Search code examples
apache-sparkrddpartitioning

Spark RDD Partition effects


I am confused with repartition operation. Please see below code

import org.apache.spark._
import org.apache.log4j._


object FriendsByAge {

  def parseLine(line: String)={
    val fields = line.split(",")
    val age = fields(2).toInt
    val numFriends = fields(3).toInt

    (age, numFriends)
  }

  def main(args: Array[String]) = {

    Logger.getLogger("org").setLevel(Level.ERROR)

    val sc = new SparkContext("local[*]", "FriendsByAge")

    val lines = sc.textFile("./data/fakefriends-noheader.csv").repartition(1000)
    val rdd = lines.map(parseLine)

    println(rdd.getNumPartitions)

    val totalsByAge = rdd.mapValues(x=> (x,1)).reduceByKey((x, y) => (x._1+y._1, x._2 + y._2))

    println(totalsByAge.getNumPartitions)

    val averagesByAges = totalsByAge.mapValues(x => x._1/x._2)

    println(averagesByAges.getNumPartitions)
    val results = averagesByAges.collect()

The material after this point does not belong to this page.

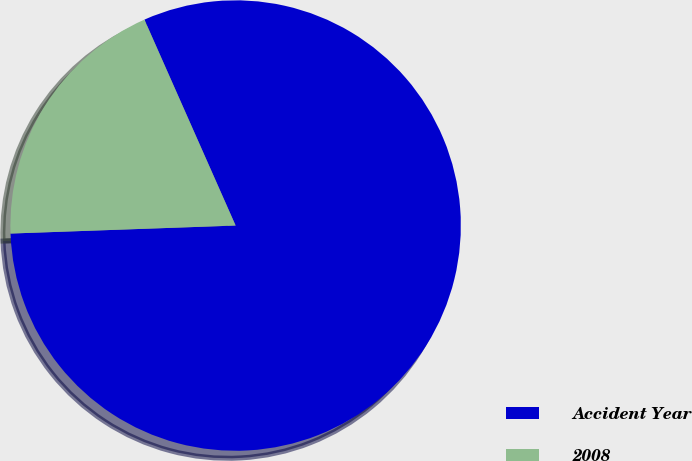Convert chart. <chart><loc_0><loc_0><loc_500><loc_500><pie_chart><fcel>Accident Year<fcel>2008<nl><fcel>81.07%<fcel>18.93%<nl></chart> 
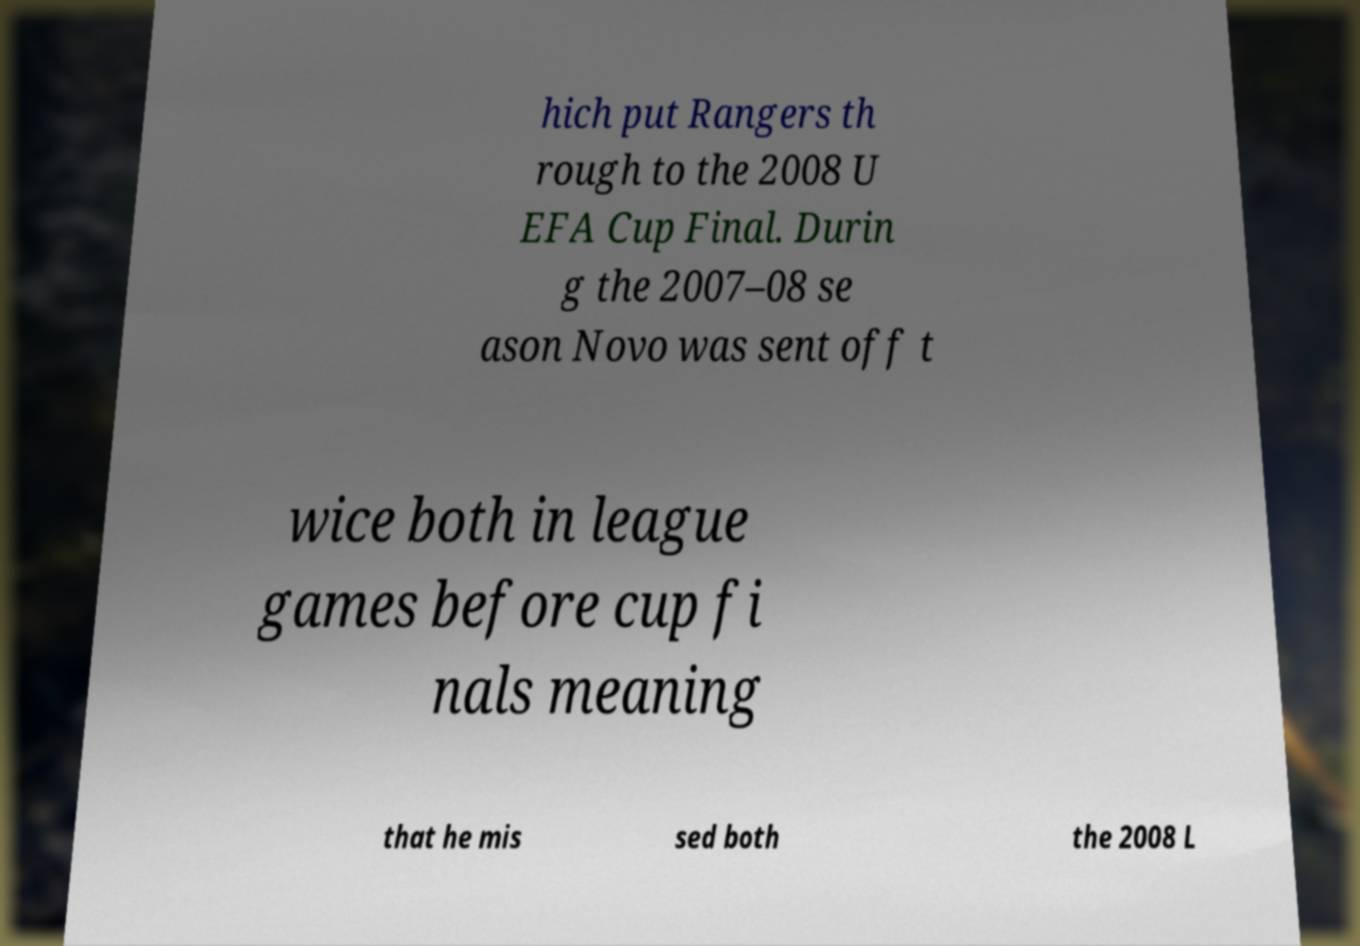There's text embedded in this image that I need extracted. Can you transcribe it verbatim? hich put Rangers th rough to the 2008 U EFA Cup Final. Durin g the 2007–08 se ason Novo was sent off t wice both in league games before cup fi nals meaning that he mis sed both the 2008 L

    results.sortWith(_._2> _._2).foreach(println)
  }


}

Here I am repartitioning the rdd after reading the file into 1000 partitions. Since map operation creates new RDD and partitioning is not preserved. I still see the same number of partitions.

The question is how will I know if child RDD will preserve parent RDD partitions? What is criteria when repartition will be invalidated by child RDD.


Solution

  • mapValues does not alter partitioning already in effect, it's a narrow transformation. You have two of them.

    reduceByKey is associative. Spark aggregates locally and sends those results to driver or to the relevant partitions - in your case. If you do not use the parameter on reduceByKey for number of partitions, you retain the same number of partitions for the new RDD, albeit with different distribution.